TASK ITEM. Extract all lines from the data beneath that include the word "interface".

SOURCE MATERIAL.
◆ ◆ ◆ ◆
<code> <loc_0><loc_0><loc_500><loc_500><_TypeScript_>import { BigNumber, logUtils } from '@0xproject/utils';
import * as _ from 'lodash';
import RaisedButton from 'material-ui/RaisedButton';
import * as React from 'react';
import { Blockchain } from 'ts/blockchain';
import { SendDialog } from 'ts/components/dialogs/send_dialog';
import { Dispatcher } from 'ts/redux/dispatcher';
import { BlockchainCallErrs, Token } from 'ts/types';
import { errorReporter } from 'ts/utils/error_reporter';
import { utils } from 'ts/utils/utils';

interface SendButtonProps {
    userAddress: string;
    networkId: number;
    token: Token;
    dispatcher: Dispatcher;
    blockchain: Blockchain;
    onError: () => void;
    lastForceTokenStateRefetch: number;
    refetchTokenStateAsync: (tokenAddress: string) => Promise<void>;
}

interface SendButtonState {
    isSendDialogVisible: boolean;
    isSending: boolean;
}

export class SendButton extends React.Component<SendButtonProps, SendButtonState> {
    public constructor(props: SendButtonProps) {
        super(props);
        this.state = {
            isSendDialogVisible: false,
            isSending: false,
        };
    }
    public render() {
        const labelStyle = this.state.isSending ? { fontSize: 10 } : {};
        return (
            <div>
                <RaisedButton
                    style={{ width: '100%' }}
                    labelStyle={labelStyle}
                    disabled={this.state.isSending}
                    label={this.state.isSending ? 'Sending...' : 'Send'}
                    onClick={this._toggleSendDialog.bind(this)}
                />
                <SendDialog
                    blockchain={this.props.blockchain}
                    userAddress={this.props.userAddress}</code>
◆ ◆ ◆ ◆
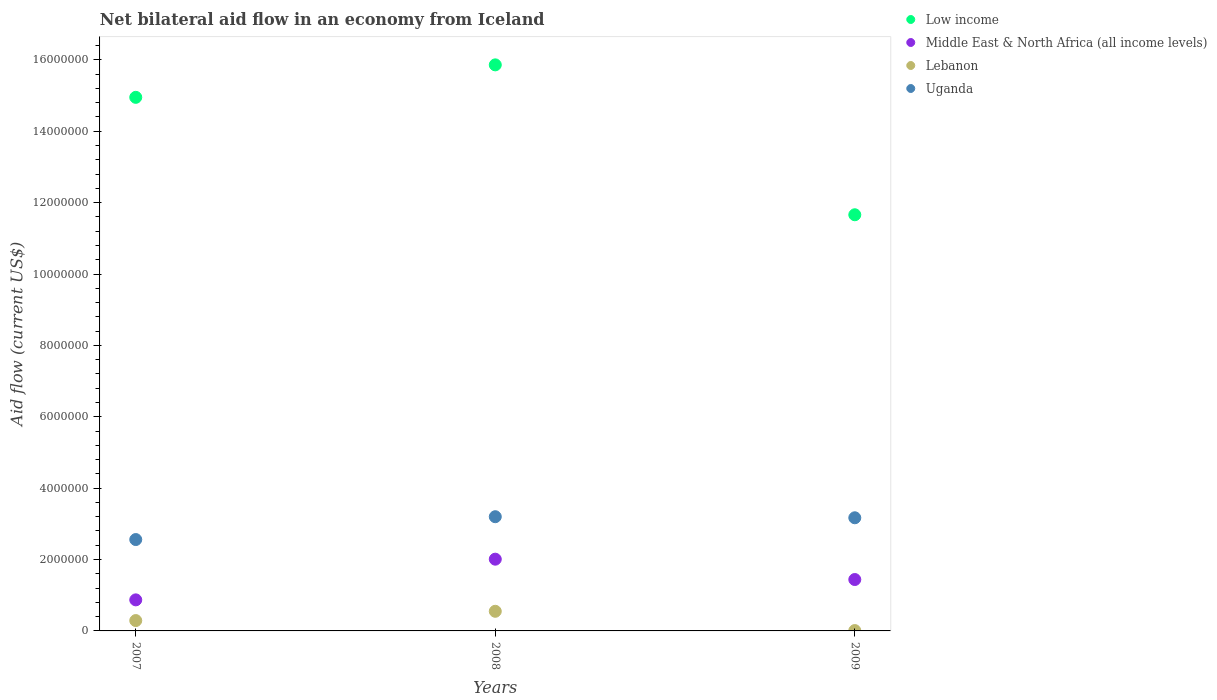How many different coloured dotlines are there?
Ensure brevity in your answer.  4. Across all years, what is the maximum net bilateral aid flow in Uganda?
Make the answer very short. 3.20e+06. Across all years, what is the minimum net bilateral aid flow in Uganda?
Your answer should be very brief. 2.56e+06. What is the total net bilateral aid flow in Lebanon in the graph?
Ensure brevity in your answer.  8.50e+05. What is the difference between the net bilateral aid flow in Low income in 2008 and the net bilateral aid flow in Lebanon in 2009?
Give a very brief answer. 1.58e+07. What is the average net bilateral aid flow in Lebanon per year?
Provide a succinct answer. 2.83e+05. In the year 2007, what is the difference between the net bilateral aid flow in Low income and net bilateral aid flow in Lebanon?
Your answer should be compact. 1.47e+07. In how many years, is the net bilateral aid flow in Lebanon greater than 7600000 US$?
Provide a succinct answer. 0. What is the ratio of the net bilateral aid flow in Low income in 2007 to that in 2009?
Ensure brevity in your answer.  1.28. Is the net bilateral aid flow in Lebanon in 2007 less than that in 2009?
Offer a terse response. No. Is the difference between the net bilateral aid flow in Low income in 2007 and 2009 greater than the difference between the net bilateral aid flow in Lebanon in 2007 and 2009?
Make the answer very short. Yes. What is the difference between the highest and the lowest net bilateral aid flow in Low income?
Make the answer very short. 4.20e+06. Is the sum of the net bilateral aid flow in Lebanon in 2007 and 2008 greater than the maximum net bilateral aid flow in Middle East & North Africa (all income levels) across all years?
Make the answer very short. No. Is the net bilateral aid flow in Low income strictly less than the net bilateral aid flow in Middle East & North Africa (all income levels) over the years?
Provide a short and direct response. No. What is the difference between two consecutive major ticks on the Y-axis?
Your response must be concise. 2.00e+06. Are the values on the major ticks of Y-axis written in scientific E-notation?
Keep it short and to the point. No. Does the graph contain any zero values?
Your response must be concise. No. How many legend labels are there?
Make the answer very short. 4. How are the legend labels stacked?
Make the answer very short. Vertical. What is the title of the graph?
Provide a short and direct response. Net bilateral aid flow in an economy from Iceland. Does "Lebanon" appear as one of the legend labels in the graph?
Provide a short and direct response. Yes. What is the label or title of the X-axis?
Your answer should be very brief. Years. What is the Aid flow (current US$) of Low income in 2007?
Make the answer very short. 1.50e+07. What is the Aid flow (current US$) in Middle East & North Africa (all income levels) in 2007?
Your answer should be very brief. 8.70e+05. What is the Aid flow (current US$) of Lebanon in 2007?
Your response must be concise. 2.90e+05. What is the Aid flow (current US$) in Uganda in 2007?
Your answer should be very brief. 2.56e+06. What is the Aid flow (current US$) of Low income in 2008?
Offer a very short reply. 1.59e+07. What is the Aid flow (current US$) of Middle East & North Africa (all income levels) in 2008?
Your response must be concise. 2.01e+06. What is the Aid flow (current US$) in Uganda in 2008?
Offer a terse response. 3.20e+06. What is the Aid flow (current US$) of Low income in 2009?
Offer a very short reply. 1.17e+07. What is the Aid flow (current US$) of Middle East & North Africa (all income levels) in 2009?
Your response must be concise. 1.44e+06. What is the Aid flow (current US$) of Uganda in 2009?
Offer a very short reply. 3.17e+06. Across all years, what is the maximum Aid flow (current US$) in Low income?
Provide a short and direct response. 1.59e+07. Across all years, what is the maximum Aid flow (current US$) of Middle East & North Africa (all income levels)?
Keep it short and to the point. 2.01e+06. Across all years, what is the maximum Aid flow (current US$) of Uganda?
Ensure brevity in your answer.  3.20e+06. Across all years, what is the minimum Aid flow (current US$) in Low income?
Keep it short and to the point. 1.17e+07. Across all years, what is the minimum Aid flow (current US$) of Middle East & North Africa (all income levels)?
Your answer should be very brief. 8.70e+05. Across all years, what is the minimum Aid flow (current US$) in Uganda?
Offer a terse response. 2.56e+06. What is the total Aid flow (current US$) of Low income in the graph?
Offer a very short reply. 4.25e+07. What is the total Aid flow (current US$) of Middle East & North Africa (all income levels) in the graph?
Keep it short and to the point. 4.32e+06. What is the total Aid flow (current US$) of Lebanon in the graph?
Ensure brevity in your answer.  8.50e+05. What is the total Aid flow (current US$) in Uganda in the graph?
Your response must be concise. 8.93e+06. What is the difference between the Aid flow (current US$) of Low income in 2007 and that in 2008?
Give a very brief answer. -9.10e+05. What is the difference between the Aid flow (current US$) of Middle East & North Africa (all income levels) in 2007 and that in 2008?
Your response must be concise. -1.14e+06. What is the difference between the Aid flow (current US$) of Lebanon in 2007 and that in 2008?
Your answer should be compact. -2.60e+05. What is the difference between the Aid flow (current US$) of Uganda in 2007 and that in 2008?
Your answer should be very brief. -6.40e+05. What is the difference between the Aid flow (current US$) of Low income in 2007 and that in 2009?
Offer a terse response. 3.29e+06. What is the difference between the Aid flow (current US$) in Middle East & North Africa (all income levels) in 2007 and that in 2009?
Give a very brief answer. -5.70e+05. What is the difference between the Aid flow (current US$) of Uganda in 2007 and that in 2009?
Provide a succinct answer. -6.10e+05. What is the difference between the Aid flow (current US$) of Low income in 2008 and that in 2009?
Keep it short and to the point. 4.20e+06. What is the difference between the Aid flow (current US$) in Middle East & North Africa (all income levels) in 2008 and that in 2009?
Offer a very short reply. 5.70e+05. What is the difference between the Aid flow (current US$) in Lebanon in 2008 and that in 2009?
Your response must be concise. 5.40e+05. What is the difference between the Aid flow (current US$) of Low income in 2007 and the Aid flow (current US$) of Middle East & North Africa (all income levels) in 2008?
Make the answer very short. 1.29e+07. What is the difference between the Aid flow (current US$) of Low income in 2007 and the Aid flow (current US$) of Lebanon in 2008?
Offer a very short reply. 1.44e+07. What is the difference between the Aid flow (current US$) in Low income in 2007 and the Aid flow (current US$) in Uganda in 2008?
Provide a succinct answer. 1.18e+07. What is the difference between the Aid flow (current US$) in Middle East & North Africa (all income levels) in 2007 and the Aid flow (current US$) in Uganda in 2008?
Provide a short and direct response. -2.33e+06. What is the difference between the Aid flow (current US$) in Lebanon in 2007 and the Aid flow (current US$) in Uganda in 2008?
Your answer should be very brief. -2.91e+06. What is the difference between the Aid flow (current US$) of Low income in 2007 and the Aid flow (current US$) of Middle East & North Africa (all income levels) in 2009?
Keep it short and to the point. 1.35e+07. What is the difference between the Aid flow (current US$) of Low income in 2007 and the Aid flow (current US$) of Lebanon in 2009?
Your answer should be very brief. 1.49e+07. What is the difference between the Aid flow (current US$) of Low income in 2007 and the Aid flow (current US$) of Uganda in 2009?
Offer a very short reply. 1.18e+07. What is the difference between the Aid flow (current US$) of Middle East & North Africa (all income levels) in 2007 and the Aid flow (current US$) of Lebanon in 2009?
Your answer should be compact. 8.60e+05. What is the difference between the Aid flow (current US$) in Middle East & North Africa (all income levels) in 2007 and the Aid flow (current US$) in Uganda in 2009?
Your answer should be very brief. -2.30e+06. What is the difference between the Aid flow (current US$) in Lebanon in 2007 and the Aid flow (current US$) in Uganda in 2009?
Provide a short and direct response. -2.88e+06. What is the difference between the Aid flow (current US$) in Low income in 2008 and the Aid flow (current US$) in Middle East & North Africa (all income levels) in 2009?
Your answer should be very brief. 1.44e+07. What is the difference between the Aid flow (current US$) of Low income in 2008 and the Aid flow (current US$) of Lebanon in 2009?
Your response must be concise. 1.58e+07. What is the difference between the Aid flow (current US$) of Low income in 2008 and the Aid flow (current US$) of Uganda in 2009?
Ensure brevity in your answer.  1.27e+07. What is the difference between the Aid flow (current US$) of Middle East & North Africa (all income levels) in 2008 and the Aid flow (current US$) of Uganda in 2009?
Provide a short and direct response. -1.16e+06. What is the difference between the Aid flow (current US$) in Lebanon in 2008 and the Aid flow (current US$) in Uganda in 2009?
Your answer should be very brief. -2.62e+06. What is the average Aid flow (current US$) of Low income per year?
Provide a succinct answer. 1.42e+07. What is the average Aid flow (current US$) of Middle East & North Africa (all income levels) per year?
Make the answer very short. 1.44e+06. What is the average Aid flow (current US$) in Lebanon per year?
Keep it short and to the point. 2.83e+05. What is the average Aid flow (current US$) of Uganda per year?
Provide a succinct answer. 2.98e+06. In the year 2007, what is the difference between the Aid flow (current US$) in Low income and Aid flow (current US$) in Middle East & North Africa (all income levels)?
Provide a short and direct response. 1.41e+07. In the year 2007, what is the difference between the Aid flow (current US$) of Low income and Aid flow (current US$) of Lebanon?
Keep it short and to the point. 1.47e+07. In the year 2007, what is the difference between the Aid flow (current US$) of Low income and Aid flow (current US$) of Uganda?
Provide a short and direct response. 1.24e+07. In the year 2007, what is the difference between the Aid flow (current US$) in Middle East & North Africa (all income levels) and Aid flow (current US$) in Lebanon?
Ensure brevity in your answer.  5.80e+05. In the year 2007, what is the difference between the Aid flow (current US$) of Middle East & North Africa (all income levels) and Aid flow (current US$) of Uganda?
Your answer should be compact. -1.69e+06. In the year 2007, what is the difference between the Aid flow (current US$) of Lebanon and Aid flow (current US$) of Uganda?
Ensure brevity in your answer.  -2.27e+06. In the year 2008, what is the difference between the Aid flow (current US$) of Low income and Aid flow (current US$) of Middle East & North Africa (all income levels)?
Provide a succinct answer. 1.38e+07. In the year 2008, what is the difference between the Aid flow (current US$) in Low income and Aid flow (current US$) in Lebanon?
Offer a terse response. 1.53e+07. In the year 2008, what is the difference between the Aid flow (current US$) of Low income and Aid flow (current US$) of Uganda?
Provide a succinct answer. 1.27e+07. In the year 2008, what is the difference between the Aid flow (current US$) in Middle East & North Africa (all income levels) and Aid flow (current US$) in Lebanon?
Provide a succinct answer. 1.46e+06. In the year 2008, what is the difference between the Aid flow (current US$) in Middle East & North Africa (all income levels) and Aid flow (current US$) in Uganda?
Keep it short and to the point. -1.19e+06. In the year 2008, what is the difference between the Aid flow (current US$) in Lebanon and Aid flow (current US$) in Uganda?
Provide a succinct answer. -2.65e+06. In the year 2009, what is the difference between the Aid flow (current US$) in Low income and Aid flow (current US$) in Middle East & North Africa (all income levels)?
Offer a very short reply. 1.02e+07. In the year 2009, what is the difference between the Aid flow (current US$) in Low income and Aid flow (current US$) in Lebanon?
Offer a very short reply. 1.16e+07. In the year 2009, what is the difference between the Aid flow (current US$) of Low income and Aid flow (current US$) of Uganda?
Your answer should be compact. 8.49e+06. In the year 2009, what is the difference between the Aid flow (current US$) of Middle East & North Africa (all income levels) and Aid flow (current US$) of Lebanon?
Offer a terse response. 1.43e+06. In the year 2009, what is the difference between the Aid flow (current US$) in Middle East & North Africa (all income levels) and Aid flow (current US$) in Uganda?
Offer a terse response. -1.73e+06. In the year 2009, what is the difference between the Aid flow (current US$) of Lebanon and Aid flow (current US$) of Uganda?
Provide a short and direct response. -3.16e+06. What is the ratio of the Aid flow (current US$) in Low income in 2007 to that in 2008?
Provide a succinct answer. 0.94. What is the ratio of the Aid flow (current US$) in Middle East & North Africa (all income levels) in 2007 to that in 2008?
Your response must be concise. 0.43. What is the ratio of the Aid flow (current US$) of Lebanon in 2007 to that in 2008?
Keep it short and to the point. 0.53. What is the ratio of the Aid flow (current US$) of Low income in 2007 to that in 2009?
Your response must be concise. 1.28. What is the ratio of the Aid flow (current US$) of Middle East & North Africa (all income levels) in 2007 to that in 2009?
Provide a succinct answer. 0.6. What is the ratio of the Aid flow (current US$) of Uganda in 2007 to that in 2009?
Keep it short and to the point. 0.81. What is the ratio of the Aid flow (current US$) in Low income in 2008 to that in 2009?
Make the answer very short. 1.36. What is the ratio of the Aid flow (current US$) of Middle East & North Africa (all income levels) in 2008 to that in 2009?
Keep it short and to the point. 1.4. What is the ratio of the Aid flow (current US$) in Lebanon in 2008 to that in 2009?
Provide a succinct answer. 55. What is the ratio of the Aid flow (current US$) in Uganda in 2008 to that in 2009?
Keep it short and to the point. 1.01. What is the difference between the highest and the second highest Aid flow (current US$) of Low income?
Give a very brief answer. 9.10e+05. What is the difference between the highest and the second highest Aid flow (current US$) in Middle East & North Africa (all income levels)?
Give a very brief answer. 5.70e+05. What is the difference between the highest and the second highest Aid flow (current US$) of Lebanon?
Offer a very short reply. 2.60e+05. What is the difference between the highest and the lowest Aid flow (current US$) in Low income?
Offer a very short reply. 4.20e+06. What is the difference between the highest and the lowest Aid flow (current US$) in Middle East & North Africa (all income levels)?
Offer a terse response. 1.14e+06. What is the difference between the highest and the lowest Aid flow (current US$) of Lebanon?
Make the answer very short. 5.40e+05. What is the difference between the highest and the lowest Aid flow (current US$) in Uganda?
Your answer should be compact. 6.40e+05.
◆ ◆ ◆ ◆
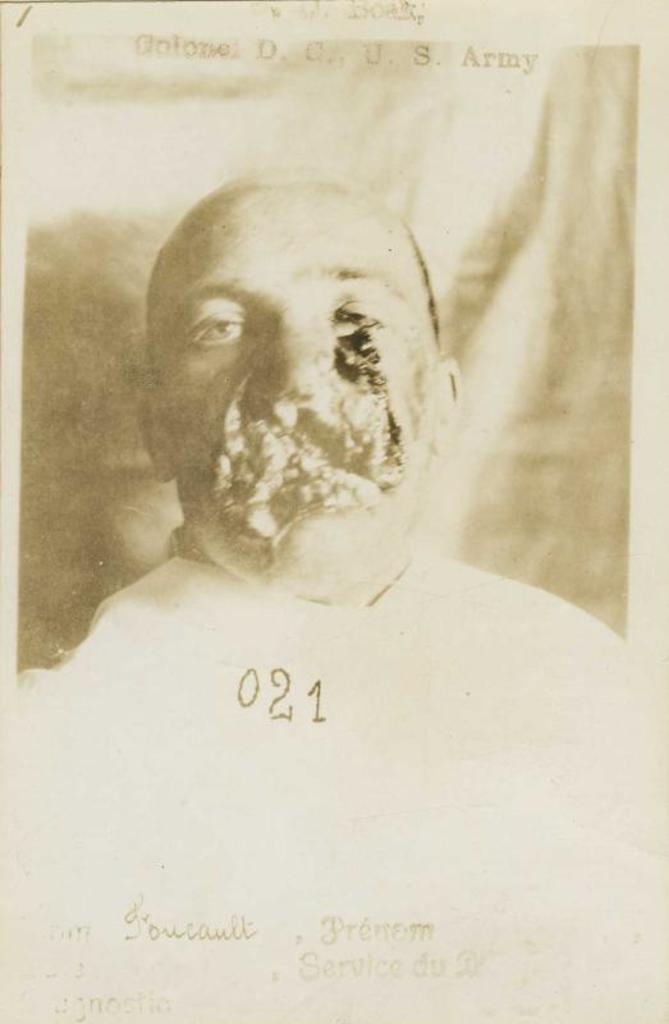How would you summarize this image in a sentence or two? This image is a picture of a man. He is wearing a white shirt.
◆ ◆ ◆ ◆
RESULT FOR THIS TASK.
interface SendButtonProps {
interface SendButtonState {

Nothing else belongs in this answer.